Corona virus: Swiss tracing app goes into field trials


The pilot test of the “SwissCovid app” has started in Switzerland. The application is intended to supplement contact tracing in the cantons, the Federal Office of Public Health (BAG) said. The app should help to ensure that infection chains can be tracked and interrupted. For the first time, the API provided by Google and Apple is being widely tested with an app. The Swiss government – the Federal Council – issued a temporary regulation for the test last week.

15,000 volunteers took part in the test, including employees from the Swiss Federal Institutes of Technology in Lausanne and Zurich (EPFL and ETHZ), members of the army or staff from hospitals and administrations. The pilot trial will last until the end of June 2020 at the latest and is intended to uncover potential defects and problems in usability and medical processes before the app is released to the public, the BAG said.

Switzerland is the first country in the world to use the new “Exposure Notification API” from Google and Apple for its tracing app. Swiss scientists were also involved in the development of the app. The “basic theoretical concepts for this come from EPFL and ETHZ, which were finally implemented by Google and Apple,” emphasized Sang-Il Kim from the BAG. “Significantly involved” were EPFL professor Marcel Salathé and his team.

They belong to an international consortium that has developed the DP3T protocol (Decentralized Privacy-Preserving Proximity Tracing). The decentralized approach pursued with DP3T had prevailed in the competition of the concepts against the PEPP-PT, which was initially also supported by the German government. An app without central data storage can eliminate the “understandable concern” about surveillance, said Salathé on Monday.

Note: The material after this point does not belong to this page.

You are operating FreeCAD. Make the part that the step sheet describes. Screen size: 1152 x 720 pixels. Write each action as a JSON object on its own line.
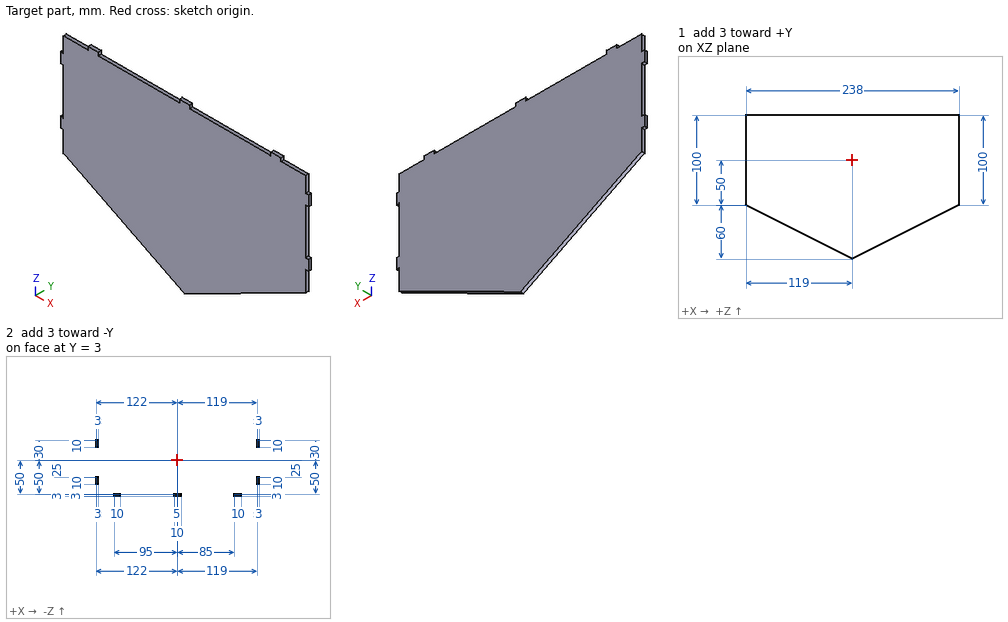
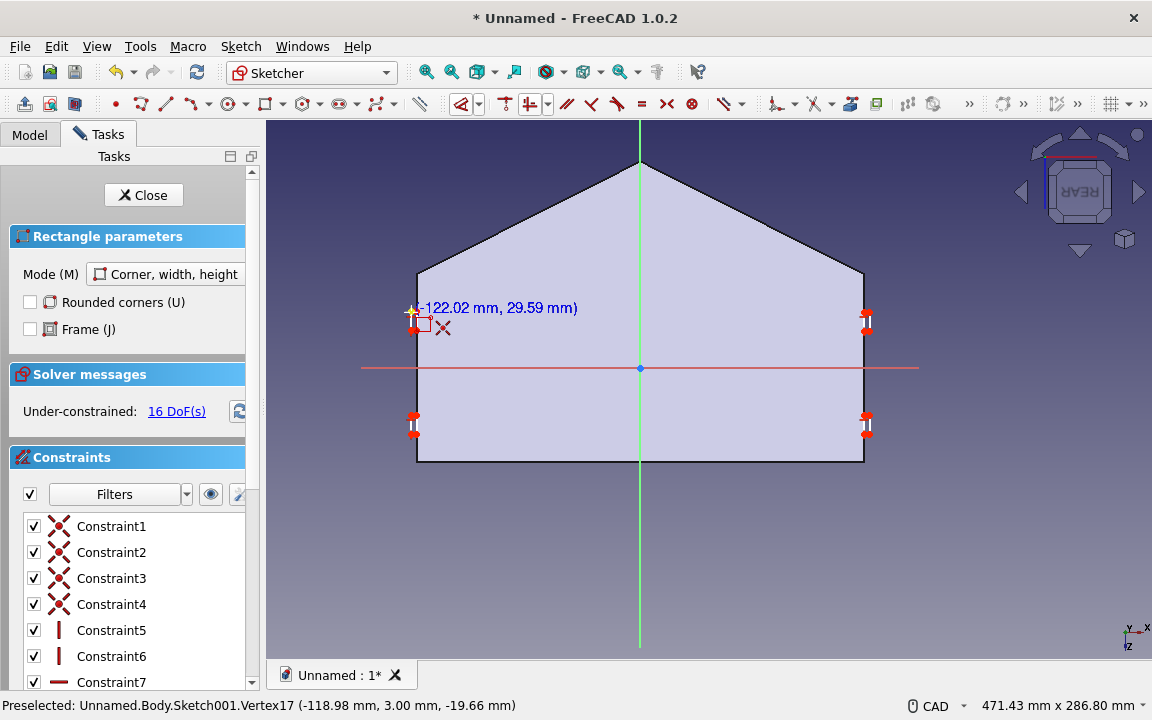
{"action": "scroll", "coordinate": [462, 462], "scroll_direction": "up", "scroll_amount": 6}
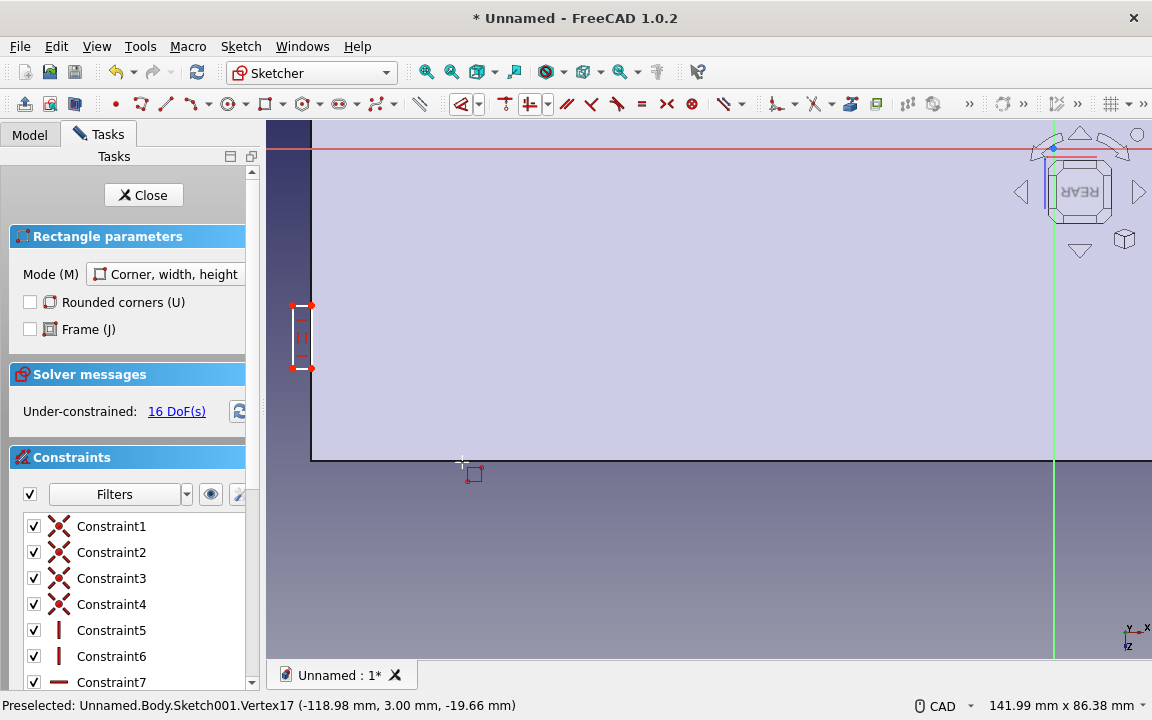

The app runs in the background on the smartphone with the latest versions of iOS and Android and is not able to record location or movement data, explained Salathé. Using the app with GPS activated at the same time is technically excluded. Google and Apple would have explicitly prevented this in the development of the new interface. The SwissCovid app only records the proximity to other smartphones for a certain time and stores this data on the phone.

The BAG emphasizes that the app only serves the purpose of warning users early if they may have been exposed to the corona virus. The use of the app is voluntary and participation or non-participation must not result in any disadvantages or advantages. The Federal Council will put the system out of operation as soon as it is no longer required to combat the coronavirus. In addition, the technical details and source code will be available for a public security test from May 28th.

According to a survey commissioned by the BAG at the end of April 2020, 70 percent of Swiss people welcome the launch of the app. Almost 60 percent of the respondents indicated that they would like to install the app in the next few weeks, but half are not yet completely convinced of this (“rather yes”). The higher the level of knowledge about how the app works, the greater the willingness to install, explains the survey institute. Nevertheless, a majority of the respondents (54 percent) are against an installation obligation.

On May 20, the Federal Council also passed the legal basis for the new SwissCovid app. To this end, the Epidemic Act is to be amended accordingly. In June the Swiss parliament wants to discuss and decide on this. At the beginning of May, both chambers of the Swiss parliament, the Council of States and the National Council, voted on the introduction of a contact tracing app and demanded that a legal basis for such an app first be created.